もし要素Aと要素Bを入れ替えたい場合は、
要素Aのアドレスを次要素のそれとして持つ要素のアドレスをcurrentとしてnode_swapに与える必要がある。
ところがリストの先頭要素Aのアドレスが書かれているfirst_nodeはnode_t*型であってもnode_t型のメンバーではない。
したがって、currentは要素Aを指すことはできてもfirst_nodeを指すことはできない。
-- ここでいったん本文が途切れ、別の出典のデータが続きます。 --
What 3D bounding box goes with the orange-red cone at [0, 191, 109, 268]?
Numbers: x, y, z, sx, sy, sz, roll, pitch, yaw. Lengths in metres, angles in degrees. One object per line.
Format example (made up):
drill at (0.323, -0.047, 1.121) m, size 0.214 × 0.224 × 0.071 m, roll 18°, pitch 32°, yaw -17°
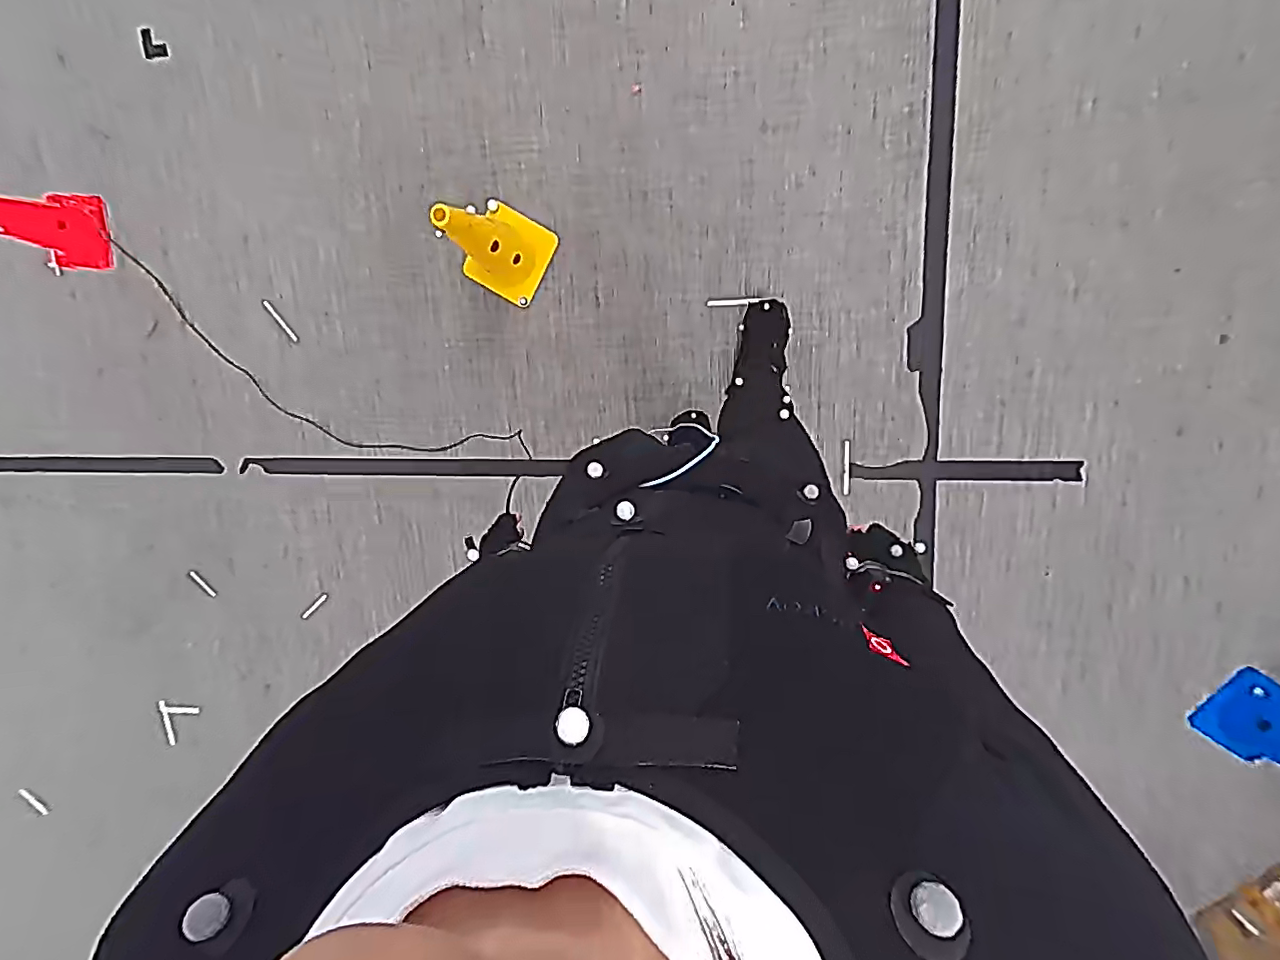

node_t*型のfirst_nodeをnode_t型の要素と同列で扱う方法はいろいろ考えられるが、
ここでは、first_nodeの内容をメンバーに含むダミー要素を作成する方法をとってみる。
これによりcurrentがダミー要素を指せるので、
ダミー要素の次の要素である真の先頭要素とその次の要素との交換が可能になる。

この方針に沿って変更を施してみる。

test_node.c
...snip
static void node_print(node_t *first_node)
{
    node_t *p;
    for (p = first_node->next; p != NULL; p = p->next) {
        printf(p->next == NULL ? "%d\n" : "%d ", p->val);
    }
}
...snip
int main(void)
{
...snip
    node_t *first_node = node_new(0);
    for (i = 0; i < sizeof(data) / sizeof(data[0]); i++) {
        node_append(first_node, data[i]);
    }
...snip
}

やってみると変更すべき箇所は非常に少ない。
リストの内容を表示する関数node_printの中のfor文の初期化式を変更し、
最初に内容を見る要素をfirst_nodeからfirst_node->nextにした。
また、使用者側であるmain関数のテストデータのリストを用意する所を、
ダミーデータ0を与えてダミー要素node_new(0)を作成し、
そのダミー要素の後にデータの入った要素を追加していくように変えただけである。
したがって、node_swap等の本質的なコードはそのままになっている。
ただ、コード内のfirst_nodeというネーミングは意味的にふさわしくない。
上図で示しているように、first_nodeは真の先頭要素Aを指しているのではなく、
そのAを指しているダミー要素を指しているので、不適切な名前と言われても仕方がない。
コードの変更量が最小になる代償としては割に合わないのかもしれないが実験的コードだしまあいいか。

$ ./test_node
9 8 7 6 5 4 3 2 1
9 8 7 6 5 4 3 2 1
9 8 7 6 5 4 3 2 1
9 8 7 6 5 4 3 2 1
9 8 7 6 5 4 3 1 2
9 8 7 6 5 4 1 3 2
9 8 7 6 5 1 4 3 2
9 8 7 6 1 5 4 3 2
9 8 7 1 6 5 4 3 2
9 8 1 7 6 5 4 3 2
9 1 8 7 6 5 4 3 2
1 9 8 7 6 5 4 3 2

実行してみると先頭要素とその次の要素の交換まできちんと処理されている。